WHAT IS REQUIRED:
Using the material below, state how many of its lines contain the string "roll", with no other words.
○ ○ ○ ○
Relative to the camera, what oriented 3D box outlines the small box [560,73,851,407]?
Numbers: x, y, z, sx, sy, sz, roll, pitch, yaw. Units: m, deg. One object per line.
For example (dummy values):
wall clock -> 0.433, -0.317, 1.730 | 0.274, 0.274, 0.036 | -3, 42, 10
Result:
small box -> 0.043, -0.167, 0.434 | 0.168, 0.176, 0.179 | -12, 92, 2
○ ○ ○ ○
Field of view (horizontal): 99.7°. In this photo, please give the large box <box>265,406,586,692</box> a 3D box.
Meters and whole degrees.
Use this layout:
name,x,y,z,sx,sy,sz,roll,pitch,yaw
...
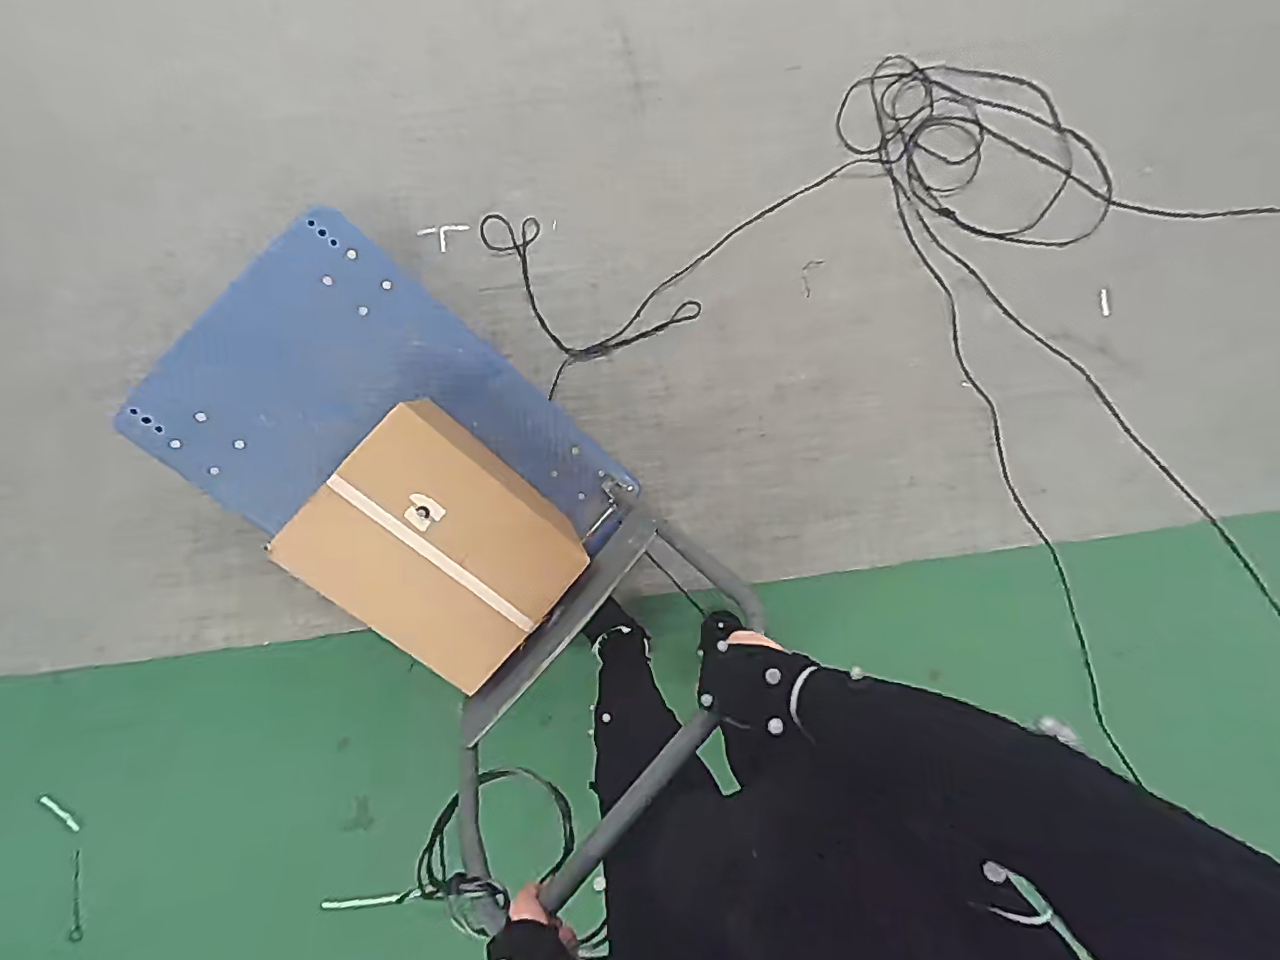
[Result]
○ ○ ○ ○
RESPONSE AREA:
2